● **Prompt**: Of the material below, the lines to be retyped are those from the line containing "What is the main" through the line containing "Let's define our", inclusive; reproduce them exactly.

● **Task material**:
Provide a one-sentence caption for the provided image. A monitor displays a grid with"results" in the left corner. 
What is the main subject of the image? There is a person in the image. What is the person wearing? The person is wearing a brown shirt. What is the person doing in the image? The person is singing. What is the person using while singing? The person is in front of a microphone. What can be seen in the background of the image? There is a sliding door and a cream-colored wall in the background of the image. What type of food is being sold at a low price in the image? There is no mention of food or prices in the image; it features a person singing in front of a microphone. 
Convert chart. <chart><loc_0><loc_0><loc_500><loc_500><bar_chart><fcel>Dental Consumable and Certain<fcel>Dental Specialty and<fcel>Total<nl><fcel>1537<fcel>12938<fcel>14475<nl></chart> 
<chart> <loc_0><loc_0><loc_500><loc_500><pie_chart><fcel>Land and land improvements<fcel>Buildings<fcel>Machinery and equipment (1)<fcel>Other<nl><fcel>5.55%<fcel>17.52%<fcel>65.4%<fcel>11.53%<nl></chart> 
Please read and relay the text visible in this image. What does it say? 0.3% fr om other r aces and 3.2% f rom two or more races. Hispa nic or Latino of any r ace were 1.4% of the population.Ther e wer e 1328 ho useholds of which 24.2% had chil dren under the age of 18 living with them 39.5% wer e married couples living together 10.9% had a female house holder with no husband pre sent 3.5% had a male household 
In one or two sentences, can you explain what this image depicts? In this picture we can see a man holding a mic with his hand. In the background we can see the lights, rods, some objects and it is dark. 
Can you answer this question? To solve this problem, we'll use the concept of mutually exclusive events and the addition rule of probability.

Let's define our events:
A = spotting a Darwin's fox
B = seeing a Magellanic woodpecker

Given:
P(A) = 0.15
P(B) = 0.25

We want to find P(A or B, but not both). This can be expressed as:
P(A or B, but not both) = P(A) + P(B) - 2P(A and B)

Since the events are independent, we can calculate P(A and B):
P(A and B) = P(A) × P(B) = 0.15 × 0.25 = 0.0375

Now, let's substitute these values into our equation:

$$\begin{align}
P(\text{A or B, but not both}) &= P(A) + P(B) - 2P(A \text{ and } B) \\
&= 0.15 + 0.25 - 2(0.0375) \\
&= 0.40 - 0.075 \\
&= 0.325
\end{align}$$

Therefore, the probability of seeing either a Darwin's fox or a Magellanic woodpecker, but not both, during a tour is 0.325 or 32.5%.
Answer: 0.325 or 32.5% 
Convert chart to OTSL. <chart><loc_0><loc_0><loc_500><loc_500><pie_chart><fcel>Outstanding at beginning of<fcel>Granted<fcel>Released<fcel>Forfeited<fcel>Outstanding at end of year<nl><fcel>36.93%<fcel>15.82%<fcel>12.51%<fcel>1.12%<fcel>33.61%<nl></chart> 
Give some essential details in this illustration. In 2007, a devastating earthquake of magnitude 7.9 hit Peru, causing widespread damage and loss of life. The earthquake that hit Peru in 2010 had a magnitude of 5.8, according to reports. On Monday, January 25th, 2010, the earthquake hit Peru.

● **Finished task**:
What is the main subject of the image? There is a person in the image. What is the person wearing? The person is wearing a brown shirt. What is the person doing in the image? The person is singing. What is the person using while singing? The person is in front of a microphone. What can be seen in the background of the image? There is a sliding door and a cream-colored wall in the background of the image. What type of food is being sold at a low price in the image? There is no mention of food or prices in the image; it features a person singing in front of a microphone. 
Convert chart. <chart><loc_0><loc_0><loc_500><loc_500><bar_chart><fcel>Dental Consumable and Certain<fcel>Dental Specialty and<fcel>Total<nl><fcel>1537<fcel>12938<fcel>14475<nl></chart> 
<chart> <loc_0><loc_0><loc_500><loc_500><pie_chart><fcel>Land and land improvements<fcel>Buildings<fcel>Machinery and equipment (1)<fcel>Other<nl><fcel>5.55%<fcel>17.52%<fcel>65.4%<fcel>11.53%<nl></chart> 
Please read and relay the text visible in this image. What does it say? 0.3% fr om other r aces and 3.2% f rom two or more races. Hispa nic or Latino of any r ace were 1.4% of the population.Ther e wer e 1328 ho useholds of which 24.2% had chil dren under the age of 18 living with them 39.5% wer e married couples living together 10.9% had a female house holder with no husband pre sent 3.5% had a male household 
In one or two sentences, can you explain what this image depicts? In this picture we can see a man holding a mic with his hand. In the background we can see the lights, rods, some objects and it is dark. 
Can you answer this question? To solve this problem, we'll use the concept of mutually exclusive events and the addition rule of probability.

Let's define our events:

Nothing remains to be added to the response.